This approach converts software requirements to test cases before the software is fully developed and tracks all software development by continually Testing the software against all test cases. It is the opposite of the conventional approach where first we develop software and later Test it.

Why Test Driven Development

  1. Flexible and Extensive Code: You can define TDD as a programming practice instructing developers to write new code only if an automated test has failed. It avoids duplication of code. 
  2. Prevent Bugs: The primary goal of TDD is to make the code clearer, bug-free and straightforward. 

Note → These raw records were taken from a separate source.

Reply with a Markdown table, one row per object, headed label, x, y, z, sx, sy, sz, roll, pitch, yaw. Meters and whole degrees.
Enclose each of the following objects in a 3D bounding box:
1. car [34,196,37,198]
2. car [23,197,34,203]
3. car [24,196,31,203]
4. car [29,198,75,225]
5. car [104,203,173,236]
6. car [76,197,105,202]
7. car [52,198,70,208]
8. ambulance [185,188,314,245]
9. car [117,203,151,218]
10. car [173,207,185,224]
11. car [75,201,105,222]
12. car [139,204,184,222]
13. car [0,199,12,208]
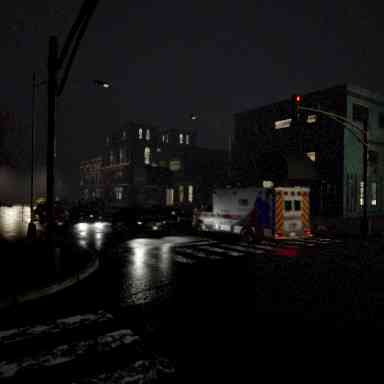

  3. Iterative: TDD relies on a concise development cycle. Once all the tests pass, it signals the end of the iteration. For implementing more features in your product, the product will go through the same phases again, but this time with the new feature set and more tests.
  4. Specification First: The goal of TDD is a specification, not validation.
  5. Agile Requirement: TDD is related to the test-first programming concept of extreme programming. TDD is both an essential agile requirement and an agile design technique. TDD enhances collaboration between development, QA teams, and client. Test-driven development refers to a style of programming in which three activities are tightly interwoven: coding, Testing, and Design.
  6. Unit Testing: Unit Testing is integrated into TDD practice; TDD ensures that the source code is thoroughly unit tested and leads to modularised, flexible, and extensible code.
  7. Test Coverage: We try to achieve 100% Test Coverage in TDD by ensuring every single line of code is tested, unlike conventional testing.